Getting back to Thanksgiving... Let's look at three lessons Thanksgiving can teach us about data warehouses, Hadoop and self-service data prep.

1) Complement your data warehouse environment with Hadoop

The main entree at Thanksgiving meals is usually turkey. I think of this main dish as analogous to the data warehouse, which is Oracle or Teradata at many organizations. This is where you pull the bulk of your data to feed numerous data marts, analytic base tables, and other reports or analyses. And if the data warehouse is your turkey, you can think of the pasta as Apache Hadoop – the disruptive, open source, lower-cost big data technology that now often complements, and occasionally replaces, the data warehouse. TDWI discovered that about 17 percent of organizations are using Hadoop to complement their existing data warehouse, and it's expected to grow to 36 percent within three years.

While you may see a plate filled with turkey, pasta, meat stuffing and artichokes when you think of Thanksgiving dishes, I see something different. I see a unique, blended combination of data from your data warehouse, complemented by data from a Hadoop data lake, and sprinkled with other customer and product sales data.

2) Speed access to data with self-service data prep

Despite how hungry some of my relatives might be to get my grandma's hard-won Swedish meatball recipe, I can get away with not sharing it with everyone. But the same concept doesn't work for business. When it comes to getting the data they need, users have certain requirements that need to be met in keeping with the goals of the business. But as they attempt to do their work, many business users encounter hard-to-access data silos, poor data quality, and a disjointed tool set for data preparation and business intelligence functions.

TDWI recently found that users only do their own data preparation (self-service data prep) 13 percent of the time. That leaves lots of opportunity to offload some of the work from IT and push it to the business – which can speed access to data and increase agility at the same time.

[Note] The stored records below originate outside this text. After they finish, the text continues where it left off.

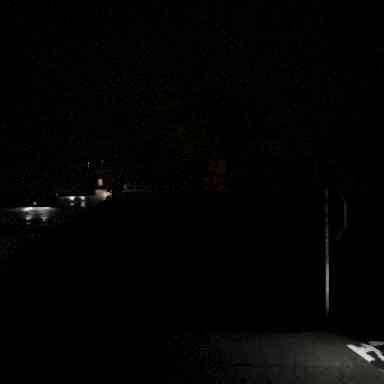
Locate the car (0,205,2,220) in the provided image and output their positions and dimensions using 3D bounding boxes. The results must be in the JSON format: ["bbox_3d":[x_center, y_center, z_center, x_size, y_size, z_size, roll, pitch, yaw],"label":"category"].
[{"bbox_3d":[-11.326,0.791,16.467,2.097,1.767,4.553,0,2,-9],"label":"car"}]

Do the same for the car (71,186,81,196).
[{"bbox_3d":[-16.632,-0.149,49.333,1.837,1.490,4.892,0,1,-9],"label":"car"}]

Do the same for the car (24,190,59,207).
[{"bbox_3d":[-13.638,0.503,30.572,2.033,1.411,5.357,0,2,-9],"label":"car"}]

3) Quickly capture and deploy self-service data prep tasks into your business

An expert cook like my grandmother might be able to put together an entire Thanksgiving feast in a matter of hours. But imagine how long it would take someone like me – I rarely cook, and I lack the skills my grandma has refined over the course of her lifetime.

As a business user, you don't have to rely on a small group of experts (IT) to prepare and serve all of your data. There are ways to automate the process so you can get the data you need, faster. Click To Tweet

The latest version of SAS Data Management provides tools to help you create the exact combination of data you need from trusted sources – blended in just the right way, using just the right amount of preparation. I think of it as empowering business users to fill their own plates with the types of data they need to satisfy their hunger. And for the business – it all comes down to moving from data to decisions faster, while sharing insights all across the business.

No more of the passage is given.